La grève des juristes de l’État s’essouffle
Possible retour au travail des 1100 avocats et notaires du gouvernement
En grève depuis 17 semaines, les 1100 avocats et notaires de l’État pourraient bien voter un retour au travail mardi, selon leur porte-parole, Me Jean Denis. Les membres sont «à bout de souffle» et le fonds de grève est épuisé depuis déjà deux semaines.
«Les gens sont épuisés. […] Il y a des gens qui disent qu’ils veulent retourner, a déclaré le président des Avocats et notaires de l’État québécois (LANEQ). Il y a de jeunes familles là-dedans. Des soutiens de famille… Ces soutiens de famille là, ils ont besoin d’argent. »
Les membres doivent de nouveau se prononcer mardi sur la poursuite de la grève ou un possible retour au travail lors d’une assemblée extraordinaire. Lundi, M. Denis a dit s’attendre à ce que l’offre du gouvernement soit rejetée massivement, mais qu’il en serait autrement pour le retour au travail. «Ça va être serré», a-t-il dit. Lors de la dernière assemblée à la fin janvier, le maintien de la grève avait reçu un appui de 83% et l’offre du gouvernement avait été rejetée à 97 %.

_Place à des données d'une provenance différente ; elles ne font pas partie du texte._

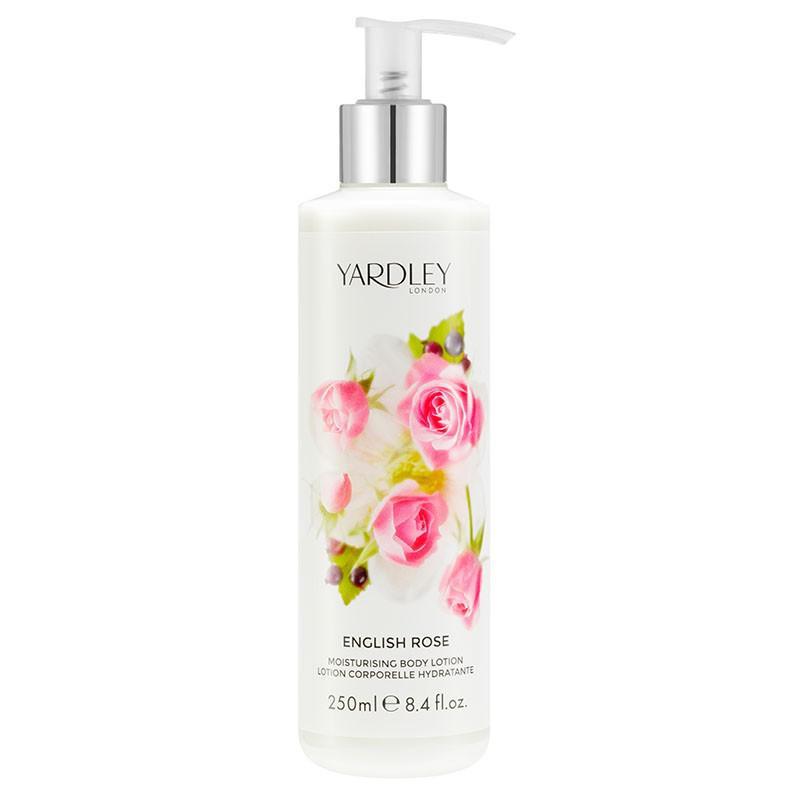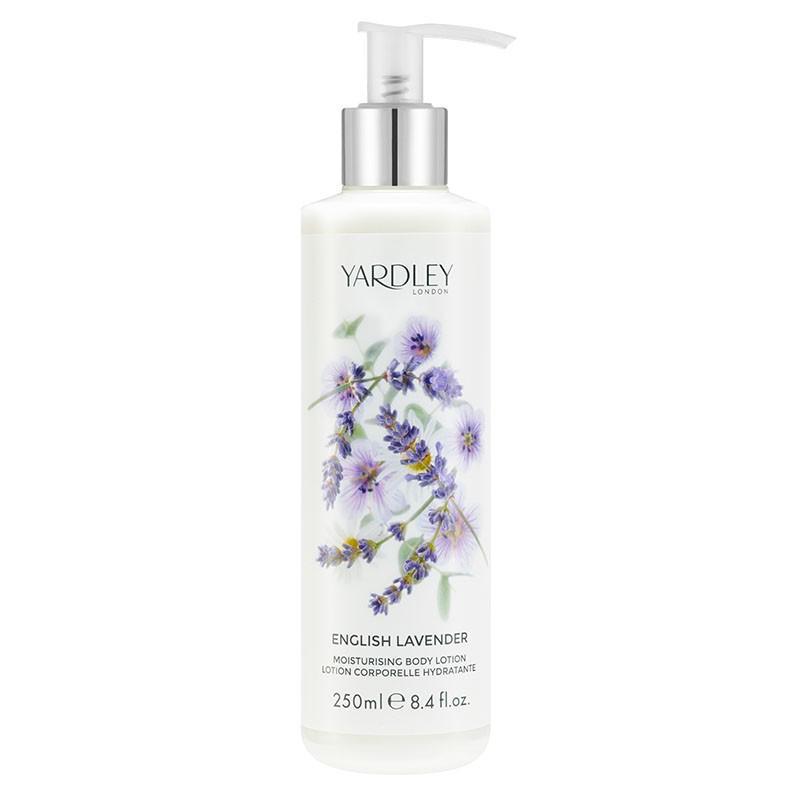The first image is the image on the left, the second image is the image on the right. Considering the images on both sides, is "The right image shows a single product, which is decorated with lavender flowers, and left and right images show products in the same shape and applicator formats." valid? Answer yes or no. Yes. The first image is the image on the left, the second image is the image on the right. Considering the images on both sides, is "Two containers of body wash have their cap on the bottom." valid? Answer yes or no. No. 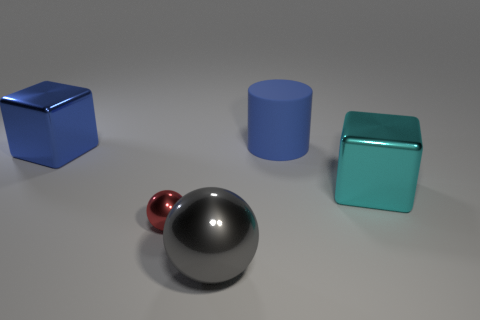Add 3 green metal cubes. How many objects exist? 8 Subtract all gray spheres. How many spheres are left? 1 Subtract all cylinders. How many objects are left? 4 Subtract 1 cylinders. How many cylinders are left? 0 Subtract all large green rubber blocks. Subtract all cylinders. How many objects are left? 4 Add 4 big rubber objects. How many big rubber objects are left? 5 Add 3 big gray metallic things. How many big gray metallic things exist? 4 Subtract 0 blue spheres. How many objects are left? 5 Subtract all yellow blocks. Subtract all gray balls. How many blocks are left? 2

Advenant un retour au travail, LANEQ n’exclut pas une grève des heures supplémentaires ou une grève partielle. «Les avocats, ça ne travaille pas nécessairement de 8h30 à 16h30, mais là, on ferait ça. Quand on part à 16h30, les ministres et les sous-ministres n’aiment pas ça», a lancé Me Denis lundi en conférence de presse. Avec tout le retard pris ces dernières semaines, cela pourrait encore « beaucoup » ralentir la machine, selon lui.
Dans le cadre du renouvellement de leur convention collective, les membres de LANEQ réclament les mêmes conditions salariales obtenues l’an dernier par les procureurs de la Couronne (10% de plus sur quatre ans), alors que le Conseil du trésor leur propose celles consenties à la fonction publique (5,25% sur la même période). Ils plaident que dans le passé, ils avaient la parité avec les procureurs de la Couronne et que c’est ainsi dans le reste du Canada.
Poursuite de 36,75 millions
Lundi, leur association a aussi annoncé qu’elle poursuivait le gouvernement du Québec pour 36,75 millions devant le Tribunal administratif du travail. Cette démarche est distincte des négociations, selon M. Denis, qui soutient que la préparation de la poursuite est en cours depuis un certain temps.
Il allègue que le gouvernement a enfreint le Code du travail en ne négociant pas de bonne foi. Me Denis allègue que son association a fait des concessions à six reprises dans le cadre négociations, alors que le gouvernement maintient la même position depuis le début. Une stratégie, dit-il, destinée à « humilier » et « abaisser » ses membres.
« Assez, c’est assez. Trop, c’est trop, a déclaré Me Denis. Ils n’apprendront sûrement pas à des avocats comment défendre leurs droits. »
Les 36,75 millions incluent le remboursement des 4 millions du Fonds de grève, des 8 millions de la marge de crédit obtenue par LANEQ, et l’équivalent de 15 000 $ par membre pour dommages moraux et 7500$ pour intérêts punitifs.
Le recours devant le Tribunal serait-il une manière de mieux faire accepter un retour au travail ?
Au-delà du salaire, les avocats et notaires de l’État veulent le même statut que les procureurs ont depuis 2011. Ces derniers n’ont pas le droit de grève mais la loi prévoit que ses conditions sont déterminées par un comité.
Un précédent dans les négos?
Pourquoi réclamer la même chose que les procureurs? La tâche est-elle comparable ? Absolument, répond Me Denis. «Je ne comprends pas qu’on dise que les gens qui font du droit criminel sont plus intelligents ou meilleurs que ceux qui font du droit administratif comme moi. Ils viendront en faire, ils vont voir que c’est difficile et très compliqué. »
Pour l’ex-ministre et professeur de droit à l’Université d’Ottawa, Benoît Pelletier, cela va de soi. «Le gouvernement devrait traiter tous ces juristes sur un pied d’égalité. C’est très difficile de justifier une distinction au sein d’une masse d’employés qui ont la même formation et exercent essentiellement le même type de fonction.» Comment expliquer alors la stratégie gouvernementale ?
Selon l’ancien ministre, le gouvernement craint un effet «boule de neige». «Il redoute qu’après, tous les professionnels de la fonction publique réclament la même chose. […] Et évidemment, il ne veut pas perdre son contrôle des finances publiques. »
Le président du Conseil du trésor, Pierre Moreau, n’a pas voulu commenter le dossier lundi, il le fera vraisemblablement mardi.